# how are you spending Easter weekend?



## speckle-catcher (May 20, 2004)

Me? I'm butchering the ever-growing pile of logs in my driveway...

So far, I've cut pecan, mesquite, sycamore, catalpa, box elder, and a cherry burl that a friend from GCWA brought by this morning.

I've got...hornbeam, cottonwood, ash, elm, oak, pear and more pecan and mesquite to go...

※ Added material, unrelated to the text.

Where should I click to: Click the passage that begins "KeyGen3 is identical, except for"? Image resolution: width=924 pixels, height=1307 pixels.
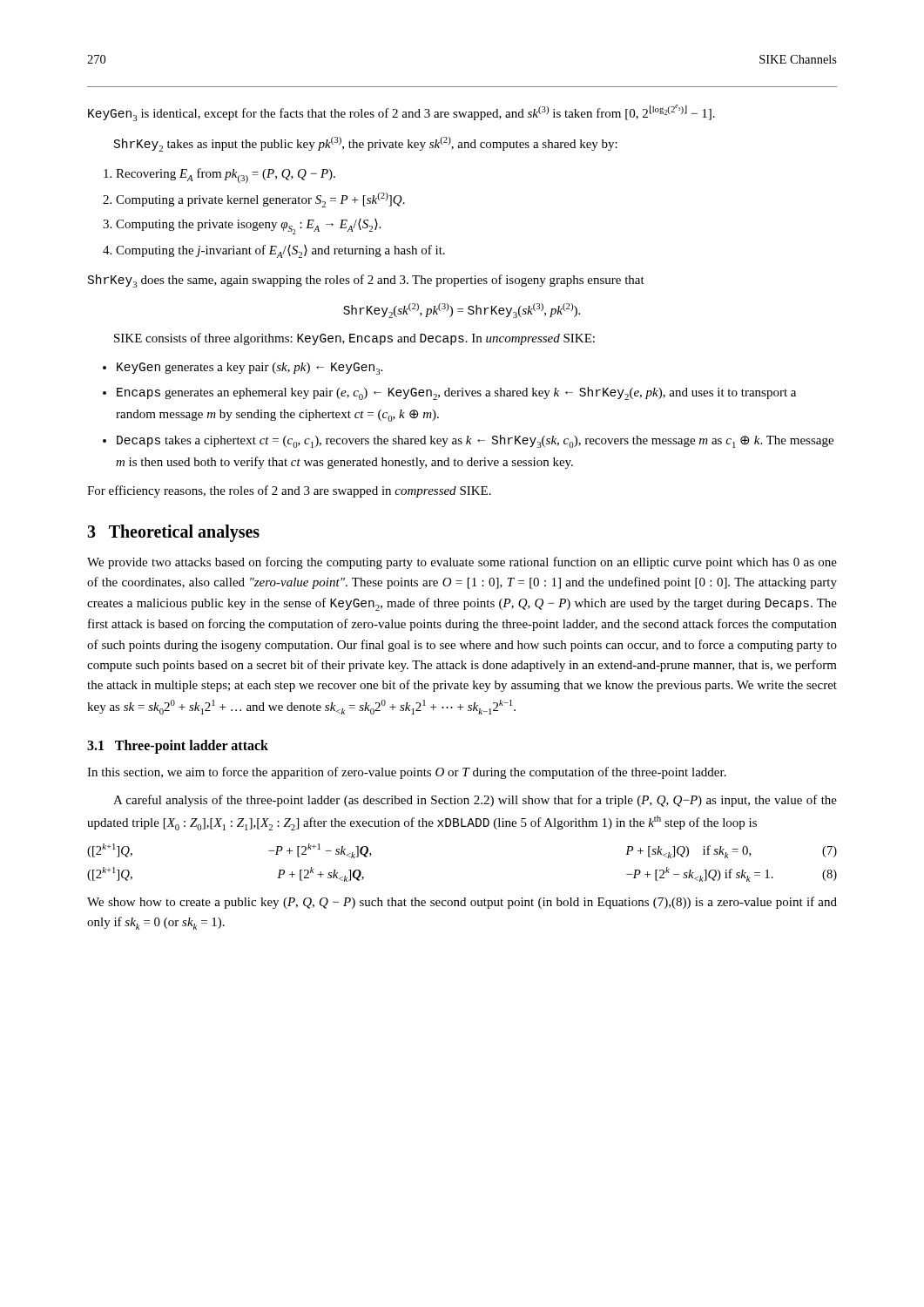pyautogui.click(x=462, y=113)

not sure what else I'll find in the woodpile as I get down to the bottom....


----------



## JS Fog (Sep 4, 2012)

I can spend my Easter in your driveway loading wood if you need me to get it out of you way.


----------



## speckle-catcher (May 20, 2004)

You need to be supervising the garden work at your house.


----------



## JS Fog (Sep 4, 2012)

*Garden Supervision*

Gardening was going well. Look what we have harvested so far. I might need you and your saw again. After we picked these nice root balls and started putting in the rows to plant new trees we blow a hydraulic cylinder. Hope to have the doze back next week.


----------



## speckle-catcher (May 20, 2004)

you need to spend a few weeks working that stump over with a pressure washer before I run my saw through it. :biggrin:


----------



## BertS (May 21, 2004)

why is your four wheeler flipping everyone off?


----------



## RB II (Feb 26, 2009)

Gotta love digging up a sweetgum cluster. Might be the hardest tree to dig up in the world!!!!


----------



## JS Fog (Sep 4, 2012)

The four wheeler was just flipping off speckle-catcher, but I don't think he saw it. The tree stumps are tallow.


----------



## speckle-catcher (May 20, 2004)

I saw it, and wasn't going to comment.

did you get that saw? you can cut it up.

I'll supervise.


----------